耍流。氓嘛,谁不会啊?他耍流。氓她也耍嘛!
二人正在水中相互耍流。氓,穆诚却是沉着一张脸在后山寻着人。
该死的楚慈,明明与她说过,今晚该给他看看伤了。她却是把他的话当了耳旁风!
居然还威胁他!
她怎么说的来着?
“穆诚,你别逼我!你要是惹火了我,我会让你知道‘后悔’二字如何写!”
她的愤怒,他清楚的感受得到。可是,如今的他就是想去撩拨她,只觉得她发火的模样怎么看怎么好看!
特别是她恼得双颊通红,在高顺帝眼皮下又拿他无可奈何的模样,就像一个撒娇的小娘子,怎么瞧怎么舒心。
穆诚还在回味着那一夜的味道,却听得一声尖叫传来。
那声尖叫,听不太真切,却是令他心尖儿一颤。
难道是楚慈?
如此想着,便是顾不得其他,大步追了过去。
楚慈正与宋文倾在河中胡闹,听得那声音之时,二人相视一眼,慌忙起身。长发来不及弄干,随意一擦披在肩头,二人往发声之处寻去。
东明修再是不敢动,听到这声音也不得不动。因为河中那通体雪白之人听得这声音之时,口中不喜不怒的说了一句,“白绮安出事了?”
这声音,分明就是楚慈的!
确认那人就是楚慈,东明修只觉得脑子越发的晕。
直到那人起身跑远,东明修这才面色异样的从河中起身。不敢让人知晓他来了河边,用内力弄干了头发,这才穿衣追去。
听到声音的人许多,可那方位却是各有不同。
当楚慈与宋文倾追到山中之时,那声音却又从两个方向传来。
“有诈!”
宋文倾眉头紧蹙,沉声说道:“不要分开!”
楚慈深以为然,可是,当一左一右两声凄惨的‘救命’传来之时,楚慈咬了咬唇,“小伍…”
不管白绮安如何,她却不能见死不救。
哪怕是陷阱,也耽搁不得。
毕竟,是女子。
宋文倾眉头裹得越发厉害,将一包毒给了她,说道:“一旦遇人,不必管后果,用毒!”
接过毒,楚慈点头与他分开去追。
东明修追到之时,便瞧楚慈头发湿辘辘的贴在背上,伴着她疾奔的动作,夜风将她衣裳紧紧的贴在身上,勾勒出她动人的身躯。

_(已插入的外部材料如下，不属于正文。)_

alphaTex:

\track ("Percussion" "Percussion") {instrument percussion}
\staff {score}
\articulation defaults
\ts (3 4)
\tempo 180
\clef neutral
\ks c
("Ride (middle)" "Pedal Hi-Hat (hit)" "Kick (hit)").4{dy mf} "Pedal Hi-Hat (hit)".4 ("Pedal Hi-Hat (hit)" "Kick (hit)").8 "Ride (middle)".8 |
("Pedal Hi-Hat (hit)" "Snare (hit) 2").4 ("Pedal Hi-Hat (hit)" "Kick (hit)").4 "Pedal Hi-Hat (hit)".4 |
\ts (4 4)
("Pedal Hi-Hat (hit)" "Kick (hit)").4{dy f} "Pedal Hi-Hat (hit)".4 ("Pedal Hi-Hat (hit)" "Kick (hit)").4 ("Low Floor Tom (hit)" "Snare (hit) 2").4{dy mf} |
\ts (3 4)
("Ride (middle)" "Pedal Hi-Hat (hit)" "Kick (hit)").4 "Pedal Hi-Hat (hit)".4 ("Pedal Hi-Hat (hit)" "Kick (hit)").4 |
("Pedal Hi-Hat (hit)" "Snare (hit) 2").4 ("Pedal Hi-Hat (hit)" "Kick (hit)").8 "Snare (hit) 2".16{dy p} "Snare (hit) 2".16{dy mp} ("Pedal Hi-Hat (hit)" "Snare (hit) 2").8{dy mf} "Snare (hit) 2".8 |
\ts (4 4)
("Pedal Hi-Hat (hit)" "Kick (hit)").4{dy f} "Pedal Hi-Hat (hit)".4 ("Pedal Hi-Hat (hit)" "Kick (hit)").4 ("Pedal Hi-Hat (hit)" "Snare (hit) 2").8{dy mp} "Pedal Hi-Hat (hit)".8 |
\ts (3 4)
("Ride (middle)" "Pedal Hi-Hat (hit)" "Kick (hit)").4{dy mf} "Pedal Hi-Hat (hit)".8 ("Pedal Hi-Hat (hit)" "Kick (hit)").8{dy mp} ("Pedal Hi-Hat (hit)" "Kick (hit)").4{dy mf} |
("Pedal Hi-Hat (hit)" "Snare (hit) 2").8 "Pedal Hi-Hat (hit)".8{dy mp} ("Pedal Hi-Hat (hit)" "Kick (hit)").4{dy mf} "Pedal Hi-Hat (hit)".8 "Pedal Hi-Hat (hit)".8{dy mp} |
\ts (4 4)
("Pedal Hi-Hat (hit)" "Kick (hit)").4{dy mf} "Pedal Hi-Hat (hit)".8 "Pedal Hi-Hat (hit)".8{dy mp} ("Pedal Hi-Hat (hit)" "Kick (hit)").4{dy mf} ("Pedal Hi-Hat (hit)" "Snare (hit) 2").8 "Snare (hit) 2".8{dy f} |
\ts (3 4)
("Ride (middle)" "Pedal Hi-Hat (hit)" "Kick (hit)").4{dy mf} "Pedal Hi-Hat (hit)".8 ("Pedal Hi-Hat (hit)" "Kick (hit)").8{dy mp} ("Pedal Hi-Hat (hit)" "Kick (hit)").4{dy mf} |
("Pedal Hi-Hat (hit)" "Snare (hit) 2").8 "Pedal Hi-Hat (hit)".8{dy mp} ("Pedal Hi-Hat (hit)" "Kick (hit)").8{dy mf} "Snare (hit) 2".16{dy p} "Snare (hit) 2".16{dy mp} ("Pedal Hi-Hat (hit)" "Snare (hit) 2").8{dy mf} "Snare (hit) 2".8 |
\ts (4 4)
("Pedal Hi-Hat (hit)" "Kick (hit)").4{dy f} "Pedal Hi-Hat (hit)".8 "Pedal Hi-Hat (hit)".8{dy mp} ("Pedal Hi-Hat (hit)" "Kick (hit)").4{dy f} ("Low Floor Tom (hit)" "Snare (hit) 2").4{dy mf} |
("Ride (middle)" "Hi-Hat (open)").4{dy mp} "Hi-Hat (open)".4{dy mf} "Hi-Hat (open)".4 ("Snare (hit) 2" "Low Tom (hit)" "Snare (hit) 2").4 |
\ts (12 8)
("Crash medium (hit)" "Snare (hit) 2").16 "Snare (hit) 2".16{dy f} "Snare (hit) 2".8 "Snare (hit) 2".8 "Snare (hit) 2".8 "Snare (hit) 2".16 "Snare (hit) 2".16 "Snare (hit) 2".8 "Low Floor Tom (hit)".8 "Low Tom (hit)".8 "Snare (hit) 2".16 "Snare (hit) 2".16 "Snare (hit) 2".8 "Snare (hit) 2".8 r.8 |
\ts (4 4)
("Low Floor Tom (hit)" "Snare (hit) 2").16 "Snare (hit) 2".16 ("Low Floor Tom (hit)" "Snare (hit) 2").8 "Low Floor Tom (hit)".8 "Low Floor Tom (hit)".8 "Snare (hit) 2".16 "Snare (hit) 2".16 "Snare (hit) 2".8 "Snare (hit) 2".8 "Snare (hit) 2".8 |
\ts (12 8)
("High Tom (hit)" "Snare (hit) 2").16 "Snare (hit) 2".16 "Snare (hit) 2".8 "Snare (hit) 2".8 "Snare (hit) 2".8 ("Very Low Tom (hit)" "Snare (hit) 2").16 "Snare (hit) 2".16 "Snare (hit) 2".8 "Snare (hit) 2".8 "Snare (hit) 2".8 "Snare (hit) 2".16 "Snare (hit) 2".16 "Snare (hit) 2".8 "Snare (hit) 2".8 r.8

方才还一路追来的人,瞧着楚慈之时,却又停了下来。脑子里全是那雪白的身躯,以及那露出水面的丰盈。
他想,他真是平静不了。
楚慈一路追去,却没发现东明修。当她追上山腰之时,便瞧着一名白衣人扛着白绮安飞身离去。
楚慈眸光一沉,飞身追去。那人似知晓有人追来,弯弯绕绕将她引到背山之处。
穆诚一路跟着声音追去,远远瞧着手握长鞭的楚慈飞过,便提气跟了上去。正当他发现弯弯绕绕跟丢了楚慈之时,却听到前头传来一声怒吼,“楚慈!你当真要杀我?”

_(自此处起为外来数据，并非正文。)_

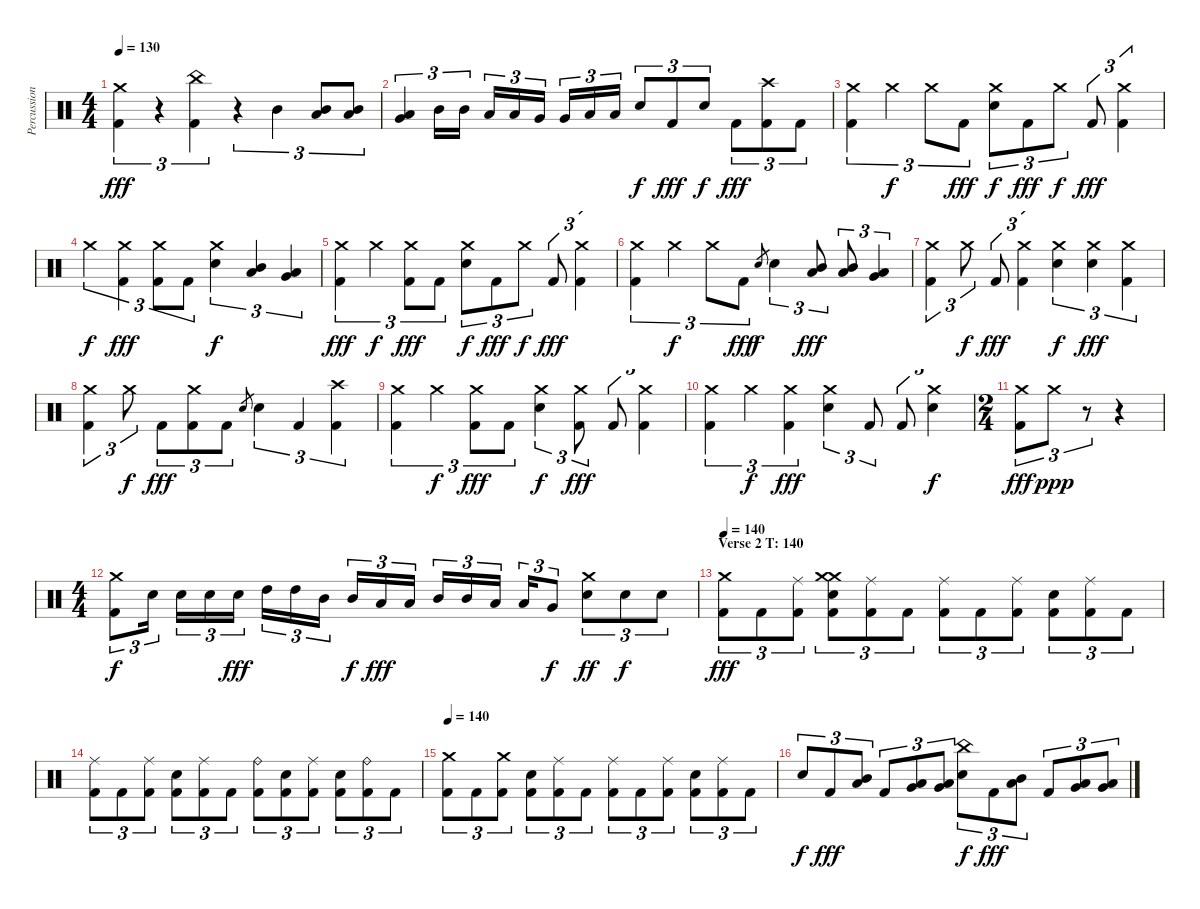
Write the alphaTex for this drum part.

\track ("Percussion" "Percussion") {instrument percussion}
\staff {score}
\articulation defaults
\ts (4 4)
\tempo 130
\clef neutral
\ks c
("Crash medium (hit)" "Kick (hit) 2").4{tu (3 2) dy fff} r.4{tu (3 2)} ("China (hit)" "Kick (hit) 2").4{tu (3 2)} r.4{tu (3 2)} "Mid Tom (hit)".4{tu (3 2)} ("Mid Tom (hit)" "Low Tom (hit)").8{tu (3 2)} ("Mid Tom (hit)" "Low Tom (hit)").8{tu (3 2)} |
("Very Low Tom (hit)" "Low Tom (hit)").4{tu (3 2)} "Mid Tom (hit)".16{tu (3 2)} "Mid Tom (hit)".16{tu (3 2)} "Low Tom (hit)".16{tu (3 2)} "Low Tom (hit)".16{tu (3 2)} "Very Low Tom (hit)".16{tu (3 2)} "Very Low Tom (hit)".16{tu (3 2)} "Low Floor Tom (hit)".16{tu (3 2)} "Low Floor Tom (hit)".16{tu (3 2)} "Electric Snare (hit)".8{tu (3 2) dy f} "Kick (hit) 2".8{tu (3 2) dy fff} "Electric Snare (hit)".8{tu (3 2) dy f} "Kick (hit) 2".8{tu (3 2) dy fff} ("Crash high (hit)" "Kick (hit) 2").8{tu (3 2)} "Kick (hit) 2".8{tu (3 2)} |
("Crash medium (hit)" "Kick (hit) 2").4{tu (3 2)} "Crash medium (hit)".4{tu (3 2) dy f} "Crash medium (hit)".8{tu (3 2)} "Kick (hit) 2".8{tu (3 2) dy fff} ("Crash medium (hit)" "Electric Snare (hit)").8{tu (3 2) dy f} "Kick (hit) 2".8{tu (3 2) dy fff} "Crash medium (hit)".8{tu (3 2) dy f} "Kick (hit) 2".8{tu (3 2) dy fff} ("Crash medium (hit)" "Kick (hit) 2").4{tu (3 2)} |
"Crash medium (hit)".4{tu (3 2) dy f} ("Crash medium (hit)" "Kick (hit) 2").4{tu (3 2) dy fff} ("Crash medium (hit)" "Kick (hit) 2").8{tu (3 2)} "Kick (hit) 2".8{tu (3 2)} ("Crash medium (hit)" "Electric Snare (hit)").4{tu (3 2) dy f} ("Mid Tom (hit)" "Low Tom (hit)").4{tu (3 2)} ("Low Tom (hit)" "Very Low Tom (hit)").4{tu (3 2)} |
("Crash medium (hit)" "Kick (hit) 2").4{tu (3 2) dy fff} "Crash medium (hit)".4{tu (3 2) dy f} ("Crash medium (hit)" "Kick (hit) 2").8{tu (3 2) dy fff} "Kick (hit) 2".8{tu (3 2)} ("Crash medium (hit)" "Electric Snare (hit)").8{tu (3 2) dy f} "Kick (hit) 2".8{tu (3 2) dy fff} "Crash medium (hit)".8{tu (3 2) dy f} "Kick (hit) 2".8{tu (3 2) dy fff} ("Crash medium (hit)" "Kick (hit) 2").4{tu (3 2)} |
("Crash medium (hit)" "Kick (hit) 2").4{tu (3 2)} "Crash medium (hit)".4{tu (3 2) dy f} "Crash medium (hit)".8{tu (3 2)} "Kick (hit) 2".8{tu (3 2) dy fff} "Electric Snare (hit)".8{gr dy f} "Electric Snare (hit)".4{tu (3 2)} ("Mid Tom (hit)" "Low Tom (hit)").8{tu (3 2) dy fff} ("Mid Tom (hit)" "Low Tom (hit)").8{tu (3 2)} ("Very Low Tom (hit)" "Low Tom (hit)").4{tu (3 2)} |
("Crash medium (hit)" "Kick (hit) 2").4{tu (3 2)} "Crash medium (hit)".8{tu (3 2) dy f} "Kick (hit) 2".8{tu (3 2) dy fff} ("Crash medium (hit)" "Kick (hit) 2").4{tu (3 2)} ("Crash medium (hit)" "Electric Snare (hit)").4{tu (3 2) dy f} ("Crash medium (hit)" "Snare (hit)").4{tu (3 2) dy fff} ("Crash medium (hit)" "Kick (hit) 2").4{tu (3 2)} |
("Crash medium (hit)" "Kick (hit) 2").4{tu (3 2)} "Crash medium (hit)".8{tu (3 2) dy f} "Kick (hit) 2".8{tu (3 2) dy fff} ("Crash medium (hit)" "Kick (hit) 2").8{tu (3 2)} "Kick (hit) 2".8{tu (3 2)} "Electric Snare (hit)".8{gr} "Electric Snare (hit)".4{tu (3 2)} "Kick (hit) 2".4{tu (3 2)} ("Crash high (hit)" "Kick (hit) 2").4{tu (3 2)} |
("Crash medium (hit)" "Kick (hit) 2").4{tu (3 2)} "Crash medium (hit)".4{tu (3 2) dy f} ("Crash medium (hit)" "Kick (hit) 2").8{tu (3 2) dy fff} "Kick (hit) 2".8{tu (3 2)} ("Crash medium (hit)" "Electric Snare (hit)").4{tu (3 2) dy f} ("Crash medium (hit)" "Kick (hit) 2").8{tu (3 2) dy fff} "Kick (hit) 2".8{tu (3 2)} ("Crash medium (hit)" "Kick (hit) 2").4{tu (3 2)} |
("Crash medium (hit)" "Kick (hit) 2").4{tu (3 2)} "Crash medium (hit)".4{tu (3 2) dy f} ("Crash medium (hit)" "Kick (hit) 2").4{tu (3 2) dy fff} ("Crash medium (hit)" "Electric Snare (hit)").4{tu (3 2)} "Kick (hit) 2".8{tu (3 2)} "Kick (hit) 2".8{tu (3 2)} ("Crash medium (hit)" "Electric Snare (hit)").4{tu (3 2) dy f} |
\ts (2 4)
("Crash medium (hit)" "Kick (hit) 2").8{tu (3 2) dy fff} "Crash medium (hit)".8{tu (3 2) dy ppp} r.8{tu (3 2)} r.4 |
\ts (4 4)
("Crash medium (hit)" "Kick (hit) 2").8{tu (3 2) dy f} "Electric Snare (hit)".16{tu (3 2)} "Electric Snare (hit)".16{tu (3 2)} "Electric Snare (hit)".16{tu (3 2)} "Electric Snare (hit)".16{tu (3 2) dy fff} "High Tom (hit)".16{tu (3 2)} "High Tom (hit)".16{tu (3 2)} "Mid Tom (hit)".16{tu (3 2)} "Mid Tom (hit)".16{tu (3 2) dy f} "Low Tom (hit)".16{tu (3 2) dy fff} "Low Tom (hit)".16{tu (3 2)} "Mid Tom (hit)".16{tu (3 2)} "Mid Tom (hit)".16{tu (3 2)} "Low Tom (hit)".16{tu (3 2)} "Low Tom (hit)".16{tu (3 2)} "Very Low Tom (hit)".8{tu (3 2) dy f} ("Crash medium (hit)" "Electric Snare (hit)").8{tu (3 2) dy ff} "Electric Snare (hit)".8{tu (3 2) dy f} "Electric Snare (hit)".8{tu (3 2)} |
\section ("" "Verse 2 T: 140")
\tempo 140
("Crash medium (hit)" "Kick (hit) 2").8{tu (3 2) dy fff} "Kick (hit) 2".8{tu (3 2)} ("Ride (middle)" "Kick (hit) 2").8{tu (3 2)} ("Crash medium (hit)" "Crash medium (hit)" "Electric Snare (hit)" "Kick (hit) 2").8{tu (3 2)} ("Ride (middle)" "Kick (hit) 2").8{tu (3 2)} "Kick (hit) 2".8{tu (3 2)} ("Ride (middle)" "Kick (hit) 2").8{tu (3 2)} "Kick (hit) 2".8{tu (3 2)} ("Ride (middle)" "Kick (hit) 2").8{tu (3 2)} ("Electric Snare (hit)" "Kick (hit) 2").8{tu (3 2)} ("Ride (middle)" "Kick (hit) 2").8{tu (3 2)} "Kick (hit) 2".8{tu (3 2)} |
("Ride (middle)" "Kick (hit) 2").8{tu (3 2)} "Kick (hit) 2".8{tu (3 2)} ("Ride (middle)" "Kick (hit) 2").8{tu (3 2)} ("Electric Snare (hit)" "Kick (hit) 2").8{tu (3 2)} ("Ride (middle)" "Kick (hit) 2").8{tu (3 2)} "Kick (hit) 2".8{tu (3 2)} ("Ride (bell)" "Kick (hit) 2").8{tu (3 2)} ("Electric Snare (hit)" "Kick (hit) 2").8{tu (3 2)} ("Ride (middle)" "Kick (hit) 2").8{tu (3 2)} ("Electric Snare (hit)" "Kick (hit) 2").8{tu (3 2)} ("Ride (bell)" "Kick (hit) 2").8{tu (3 2)} "Kick (hit) 2".8{tu (3 2)} |
\tempo 140
("Crash medium (hit)" "Kick (hit) 2").8{tu (3 2)} "Kick (hit) 2".8{tu (3 2)} ("Crash medium (hit)" "Kick (hit) 2").8{tu (3 2)} ("Electric Snare (hit)" "Kick (hit) 2").8{tu (3 2)} ("Ride (middle)" "Kick (hit) 2").8{tu (3 2)} "Kick (hit) 2".8{tu (3 2)} ("Ride (middle)" "Kick (hit) 2").8{tu (3 2)} "Kick (hit) 2".8{tu (3 2)} ("Ride (middle)" "Kick (hit) 2").8{tu (3 2)} ("Electric Snare (hit)" "Kick (hit) 2").8{tu (3 2)} ("Ride (middle)" "Kick (hit) 2").8{tu (3 2)} "Kick (hit) 2".8{tu (3 2)} |
"Electric Snare (hit)".8{tu (3 2) dy f} "Kick (hit) 2".8{tu (3 2) dy fff} ("Mid Tom (hit)" "Low Tom (hit)").8{tu (3 2)} "Kick (hit) 2".8{tu (3 2)} ("Very Low Tom (hit)" "Low Tom (hit)").8{tu (3 2)} ("Very Low Tom (hit)" "Low Tom (hit)").8{tu (3 2)} ("China (hit)" "Electric Snare (hit)").8{tu (3 2) dy f} "Kick (hit) 2".8{tu (3 2) dy fff} ("Mid Tom (hit)" "Low Tom (hit)").8{tu (3 2)} "Kick (hit) 2".8{tu (3 2)} ("Very Low Tom (hit)" "Low Tom (hit)").8{tu (3 2)} ("Very Low Tom (hit)" "Low Tom (hit)").8{tu (3 2)}

楚慈追上那人,果见是邰正源扛着白绮安之时,心中愤怒。二话不说,长鞭一甩朝他而去,手中之毒更是毫不留情撒去。
邰正源将白绮安丢到一旁,抬手扯住鞭尾,也不管那利刃将手心划破,冷声说道:“我一再的退让,你让我如何我便如何。如今白绮安挡了你的路,我心甘情愿的为你劳心费力,你还要如何?”
“你劳心费力?”似听到了天底下最好笑的笑话,楚慈冷声一笑,“我真是谢谢你的劳心费力!”
见不得他的血,楚慈瞧他步步逼近,近乎自残一般的划着手掌之时,手上有些发颤。
“是你说的要给白诚一个教训!难道我又做错了吗?”
穆诚远远的听着,只觉得脑子里有些发懵。
给他一些教训?楚慈确实亲口说过让他知道‘后悔’二字该如何写,却没想到,竟是对白绮安下手。
“你要把白诚困在身边,又不能让白绮安坏了你的事。你让我的做的,我都做了,你到底还要怎样?”邰正源似伤透了心,怒吼道,“我一心待你,你难道还对我不放心?你难道还要杀人灭口?你让我里应外合,我便放弃计划;为了助你拉拢人心,我不顾重伤进了淮阳,只为能达成你的目的,给白诚一个立功的机会。如今岑子悠立了功,白诚也立了功,他们都肯为你效力了,你也达成所愿隐藏锋芒,你更是引得了东明修动心,此时你便要杀我灭口吗?”
“你要我毁了白绮安,我依言而为,可你为何还要反过来杀我?”
这是愤怒,是一种被抛弃的愤怒。
楚慈被邰正源给吼得冷了面色,可那人步步逼近,浓重的血腥扑鼻而来,她便似心虚一般步步后退。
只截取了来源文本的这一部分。